▶ _DATA SHOWN_:
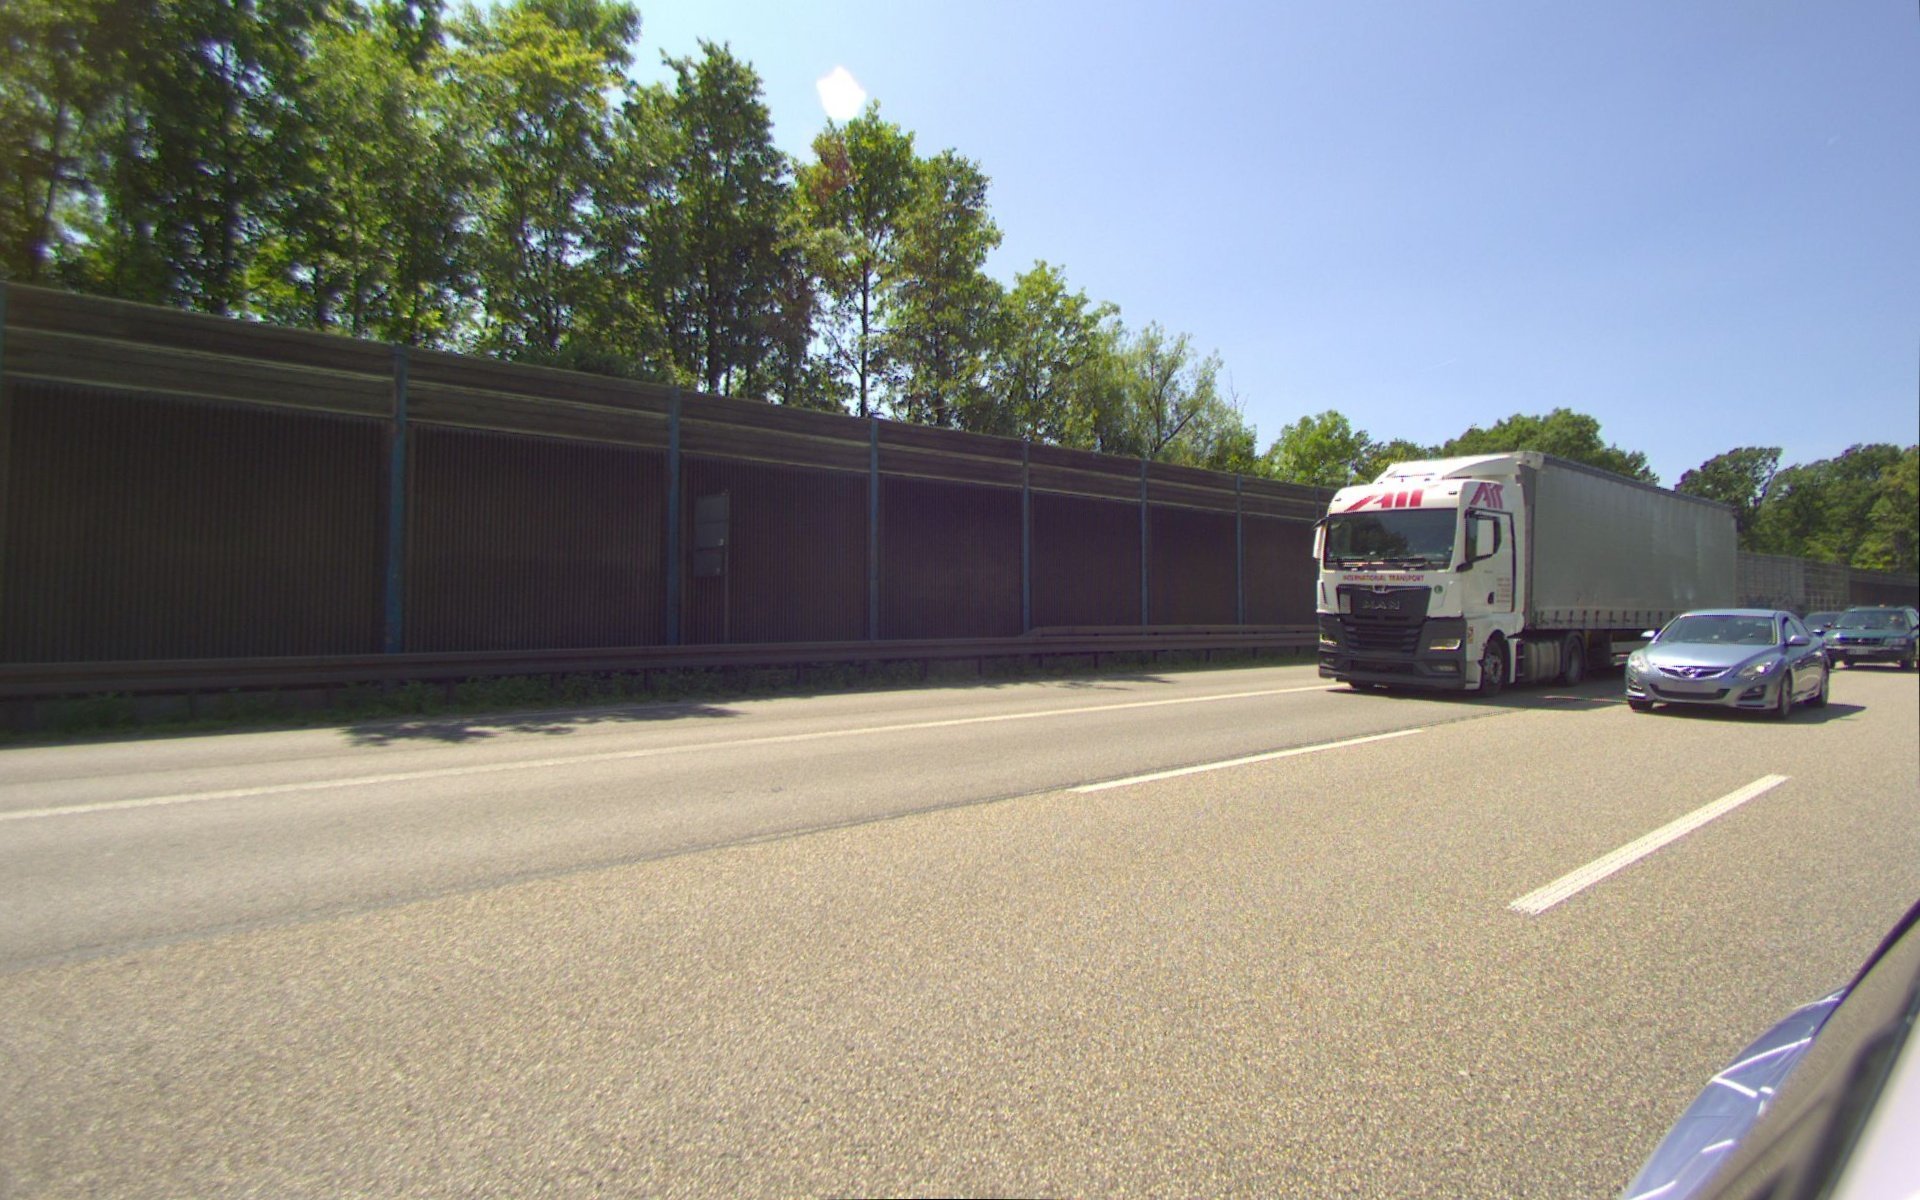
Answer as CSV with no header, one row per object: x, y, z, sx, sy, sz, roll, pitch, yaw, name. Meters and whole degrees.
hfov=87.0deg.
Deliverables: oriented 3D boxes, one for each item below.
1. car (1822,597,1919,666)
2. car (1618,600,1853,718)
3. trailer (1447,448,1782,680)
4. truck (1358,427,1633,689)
23.060,0.751,24.991,3.925,1.579,1.908,1,-1,-37,car
11.210,0.753,14.542,4.102,1.452,1.859,1,-1,-40,car
15.670,-0.643,23.395,13.348,4.142,2.604,0,0,-40,trailer
10.001,-0.671,18.710,5.453,4.142,2.604,0,0,-39,truck
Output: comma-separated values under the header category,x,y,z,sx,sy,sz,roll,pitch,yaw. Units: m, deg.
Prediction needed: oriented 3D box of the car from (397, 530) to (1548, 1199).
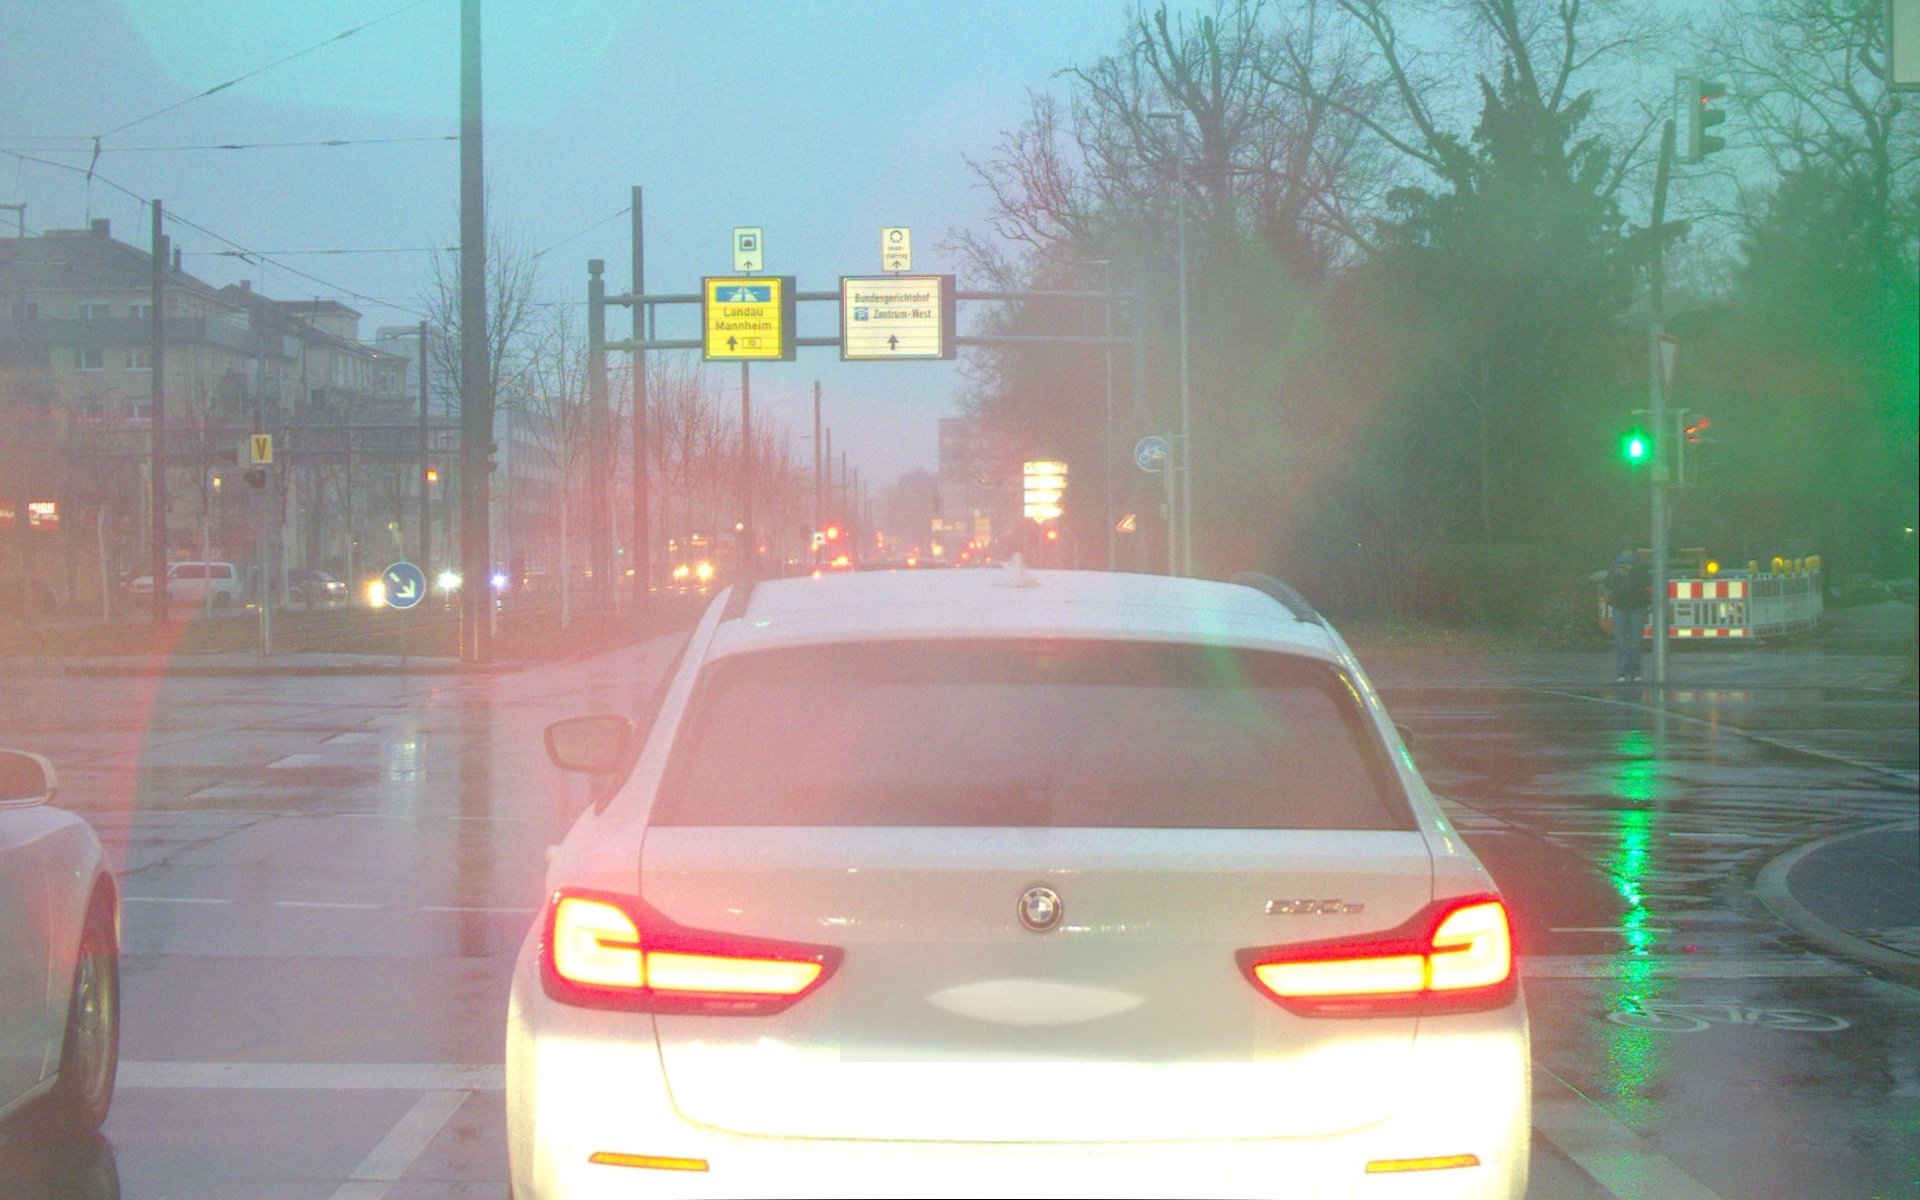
category,x,y,z,sx,sy,sz,roll,pitch,yaw
car,-0.079,0.656,7.414,1.759,1.547,4.252,1,1,-3

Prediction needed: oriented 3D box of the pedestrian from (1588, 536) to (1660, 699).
category,x,y,z,sx,sy,sz,roll,pitch,yaw
pedestrian,7.729,0.201,40.043,0.673,1.873,0.715,1,0,0

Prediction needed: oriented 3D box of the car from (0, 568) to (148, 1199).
category,x,y,z,sx,sy,sz,roll,pitch,yaw
car,-2.951,0.663,7.004,1.759,1.464,4.252,1,1,-3

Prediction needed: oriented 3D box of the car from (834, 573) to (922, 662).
category,x,y,z,sx,sy,sz,roll,pitch,yaw
car,-1.896,0.387,80.792,1.993,2.007,4.000,1,1,-1

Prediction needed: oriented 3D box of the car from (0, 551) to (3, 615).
category,x,y,z,sx,sy,sz,roll,pitch,yaw
car,-22.612,-0.368,75.731,1.993,1.457,5.096,1,1,-4

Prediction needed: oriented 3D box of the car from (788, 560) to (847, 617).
category,x,y,z,sx,sy,sz,roll,pitch,yaw
car,-5.209,-0.437,126.190,1.993,2.007,4.000,1,1,-1
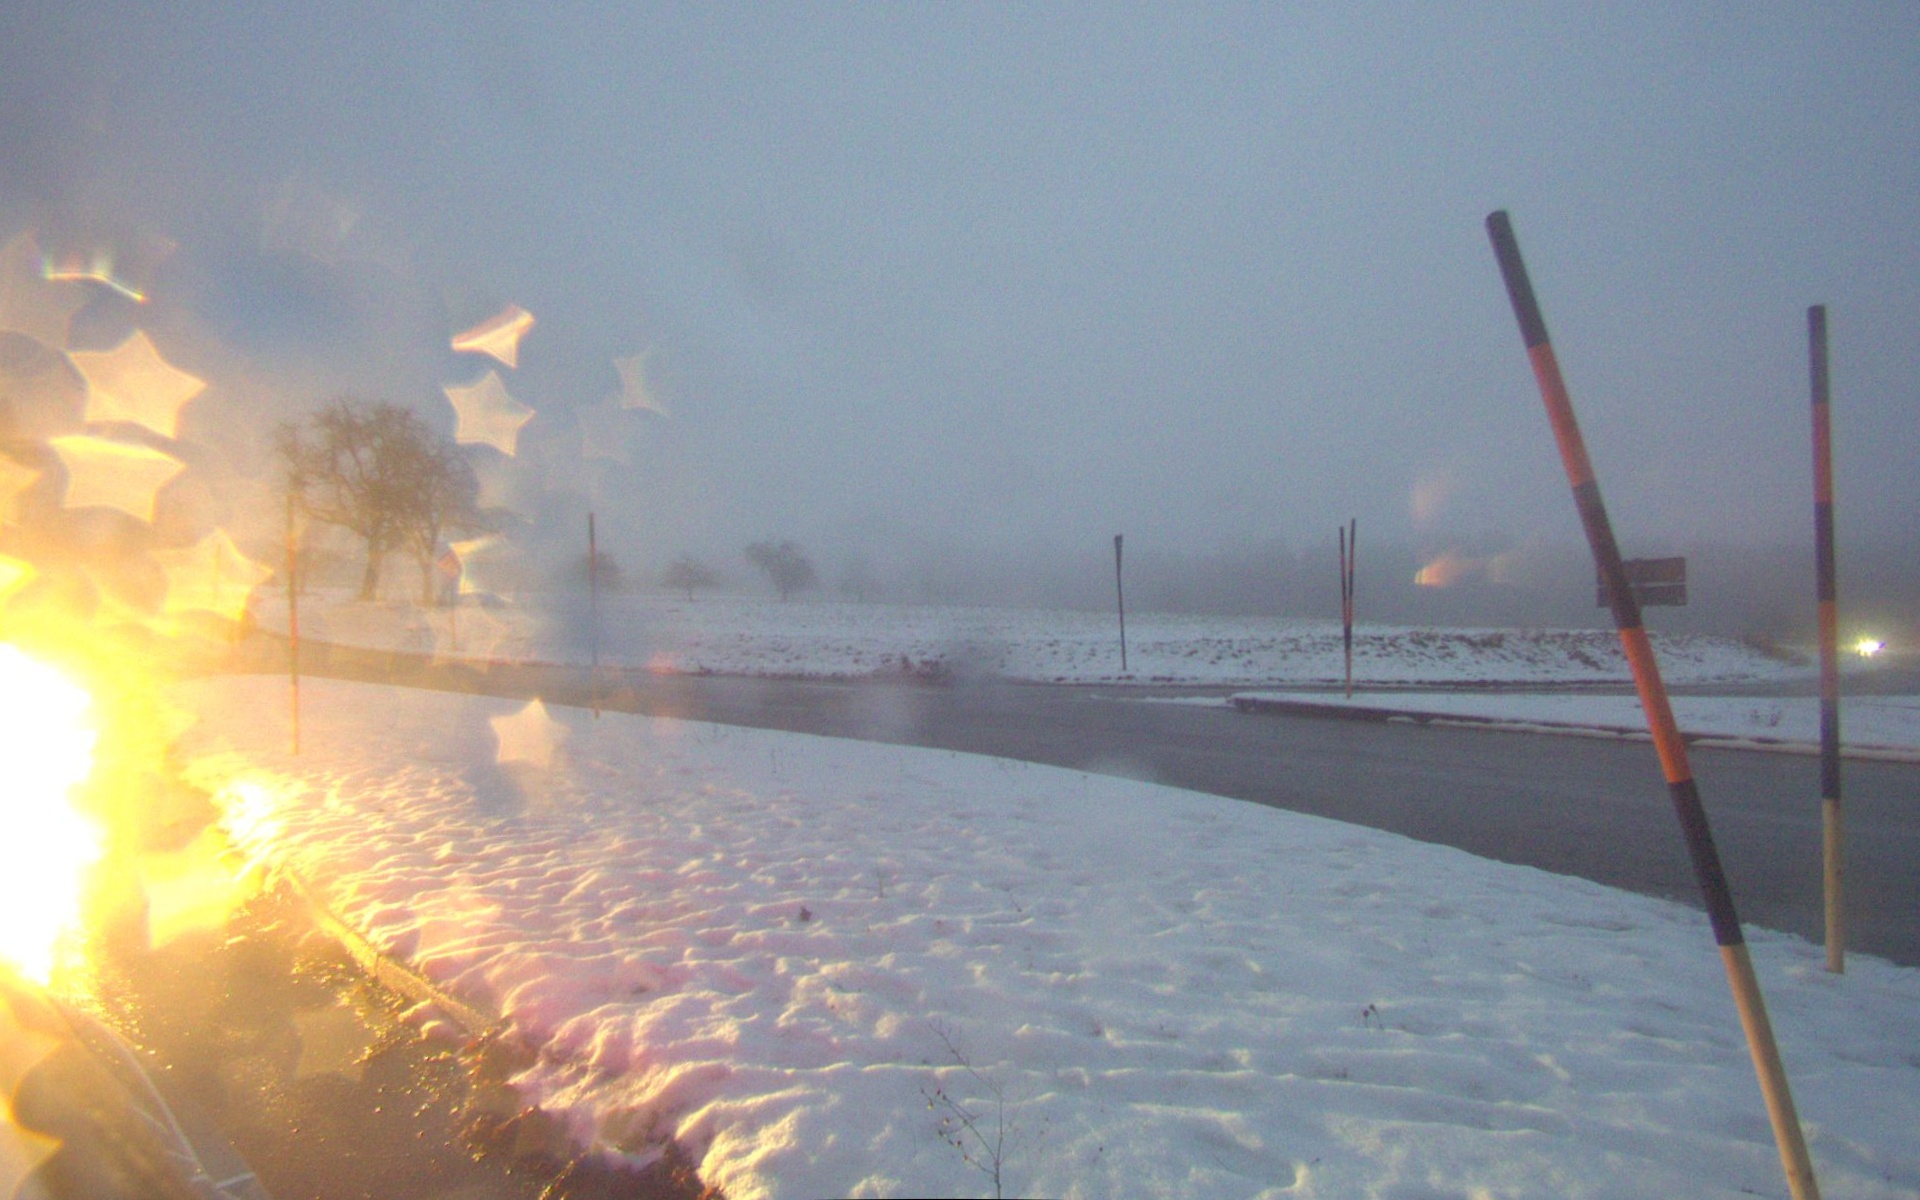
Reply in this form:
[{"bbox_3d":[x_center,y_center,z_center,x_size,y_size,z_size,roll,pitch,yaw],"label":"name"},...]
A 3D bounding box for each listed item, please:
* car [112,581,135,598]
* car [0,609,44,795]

▶ _ABOUT THIS EXERCISE_: Your reply must contain each entry exactly as written and no pictures.

▶ _OUTPUT_:
Answer as CSV with no header, one row per object: x, y, z, sx, sy, sz, roll, pitch, yaw, name. Meters and whole degrees.
hfov=87.0deg.
Deliverables: oriented 3D boxes, one for each item below.
1. car (1822,597,1919,666)
2. car (1618,600,1853,718)
3. trailer (1447,448,1782,680)
4. truck (1358,427,1633,689)
23.060,0.751,24.991,3.925,1.579,1.908,1,-1,-37,car
11.210,0.753,14.542,4.102,1.452,1.859,1,-1,-40,car
15.670,-0.643,23.395,13.348,4.142,2.604,0,0,-40,trailer
10.001,-0.671,18.710,5.453,4.142,2.604,0,0,-39,truck
Output: comma-separated values under the header category,x,y,z,sx,sy,sz,roll,pitch,yaw. Units: m, deg.
Prediction needed: oriented 3D box of the car from (397, 530) to (1548, 1199).
category,x,y,z,sx,sy,sz,roll,pitch,yaw
car,-0.079,0.656,7.414,1.759,1.547,4.252,1,1,-3

Prediction needed: oriented 3D box of the pedestrian from (1588, 536) to (1660, 699).
category,x,y,z,sx,sy,sz,roll,pitch,yaw
pedestrian,7.729,0.201,40.043,0.673,1.873,0.715,1,0,0

Prediction needed: oriented 3D box of the car from (0, 568) to (148, 1199).
category,x,y,z,sx,sy,sz,roll,pitch,yaw
car,-2.951,0.663,7.004,1.759,1.464,4.252,1,1,-3

Prediction needed: oriented 3D box of the car from (834, 573) to (922, 662).
category,x,y,z,sx,sy,sz,roll,pitch,yaw
car,-1.896,0.387,80.792,1.993,2.007,4.000,1,1,-1

Prediction needed: oriented 3D box of the car from (0, 551) to (3, 615).
category,x,y,z,sx,sy,sz,roll,pitch,yaw
car,-22.612,-0.368,75.731,1.993,1.457,5.096,1,1,-4

Prediction needed: oriented 3D box of the car from (788, 560) to (847, 617).
category,x,y,z,sx,sy,sz,roll,pitch,yaw
car,-5.209,-0.437,126.190,1.993,2.007,4.000,1,1,-1
Reply in this form:
[{"bbox_3d":[x_center,y_center,z_center,x_size,y_size,z_size,roll,pitch,yaw],"label":"name"},...]
A 3D bounding box for each listed item, please:
* car [112,581,135,598]
* car [0,609,44,795]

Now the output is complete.